Discuss key research design decisions for a quantitative study
Discuss the concepts of causality and identify criteria for causal relationships
Describe and identify experimental, quasi-experimental, and nonexperimental designs
Distinguish between cross-sectional and longitudinal designs
Identify and evaluate alternative methods of controlling confounding variables
Understand various threats to the validity of quantitative studies
Evaluate a quantitative study in terms of its research design and methods of controlling confounding variables
Define new terms in the chapter
Key Terms
Attrition
Baseline data
Blinding
Case-control design
Cause
Cohort design
Comparison group
Construct validity
Control group
Correlation
Correlational research
Crossover design
Cross-sectional design
Descriptive research
Effect
Experiment
Experimental group
External validity
History threat
Homogeneity
Internal validity
Intervention
Longitudinal design
Matching
Maturation threat
Mortality threat
Nonequivalent control group design
Nonexperimental study
Placebo
Posttest data
Pretest–posttest design
Prospective design
Quasi-experiment
Randomization (random assignment)
Randomized controlled trial (RCT)
Research design
Retrospective design
Selection threat (self-selection)
Statistical conclusion validity
Statistical power
Threats to validity
Time-series design
Validity
For quantitative studies, no aspect of a study’s methods has a bigger impact on the validity of the results than the research design—particularly if the inquiry is cause-probing. This chapter has information about how you can draw conclusions about key aspects of evidence quality in a quantitative study.

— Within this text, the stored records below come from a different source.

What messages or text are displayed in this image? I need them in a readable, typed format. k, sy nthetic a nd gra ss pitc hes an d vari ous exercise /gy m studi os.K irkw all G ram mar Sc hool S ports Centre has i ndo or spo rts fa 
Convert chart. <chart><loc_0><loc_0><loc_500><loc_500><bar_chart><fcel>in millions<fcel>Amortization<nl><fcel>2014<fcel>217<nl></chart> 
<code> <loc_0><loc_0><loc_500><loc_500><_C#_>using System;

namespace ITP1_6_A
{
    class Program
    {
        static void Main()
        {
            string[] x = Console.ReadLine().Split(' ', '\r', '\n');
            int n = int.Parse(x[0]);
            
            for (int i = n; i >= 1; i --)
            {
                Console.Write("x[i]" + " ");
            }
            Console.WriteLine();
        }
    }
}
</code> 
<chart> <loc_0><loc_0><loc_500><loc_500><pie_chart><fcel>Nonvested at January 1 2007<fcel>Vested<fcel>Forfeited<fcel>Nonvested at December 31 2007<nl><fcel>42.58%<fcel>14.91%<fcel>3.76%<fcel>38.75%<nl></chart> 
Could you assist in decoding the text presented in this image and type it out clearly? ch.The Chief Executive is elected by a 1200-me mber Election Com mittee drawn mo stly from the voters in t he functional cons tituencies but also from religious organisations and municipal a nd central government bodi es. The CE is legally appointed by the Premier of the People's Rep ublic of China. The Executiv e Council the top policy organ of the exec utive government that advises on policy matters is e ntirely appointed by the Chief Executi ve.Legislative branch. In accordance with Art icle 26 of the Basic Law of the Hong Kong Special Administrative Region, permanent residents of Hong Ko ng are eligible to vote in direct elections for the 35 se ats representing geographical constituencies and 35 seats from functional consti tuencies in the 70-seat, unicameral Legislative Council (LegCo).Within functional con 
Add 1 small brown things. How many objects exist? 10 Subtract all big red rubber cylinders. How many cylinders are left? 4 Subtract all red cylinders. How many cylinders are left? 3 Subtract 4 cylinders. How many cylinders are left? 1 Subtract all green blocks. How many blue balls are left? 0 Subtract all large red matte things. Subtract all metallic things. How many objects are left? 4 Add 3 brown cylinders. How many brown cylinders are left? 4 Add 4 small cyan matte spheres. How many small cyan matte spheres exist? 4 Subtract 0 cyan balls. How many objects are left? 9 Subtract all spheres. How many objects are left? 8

OVERVIEW OF RESEARCH DESIGN ISSUES
The research design of a study spells out the strategies that researchers adopt to answer their questions and test their hypotheses. This section describes some basic design issues.
Key Research Design Features
Table 9.1 describes seven key features that are typically addressed in the design of a quantitative study. Design decisions that researchers must make include the following:
Will there be an intervention? A basic design issue is whether or not researchers will introduce an intervention and test its effects—the distinction between experimental and nonexperimental research.
What types of comparisons will be made? Quantitative researchers often make comparisons to provide an interpretive context. Sometimes, the same people are compared at different points in time (e.g., preoperatively vs. postoperatively), but often, different people are compared (e.g., those getting vs. not getting an intervention).
How will confounding variables be controlled? In quantitative research, efforts are often made to control factors extraneous to the research question. This chapter discusses techniques for controlling confounding variables.
Will blinding be used? Researchers must decide if information about the study (e.g., who is getting an intervention) will be withheld from data collectors, study participants, or others to minimize the risk of expectation bias—i.e., the risk that such knowledge could influence study outcomes.
How often will data be collected? Data sometimes are collected from participants at a single point in time (cross-sectionally), but other studies involve multiple points of data collection (longitudinally).
When will “effects” be measured, relative to potential causes? Some studies collect information about outcomes and then look back retrospectively for potential causes. Other studies begin with a potential cause and then see what outcomes ensue, in a prospective fashion.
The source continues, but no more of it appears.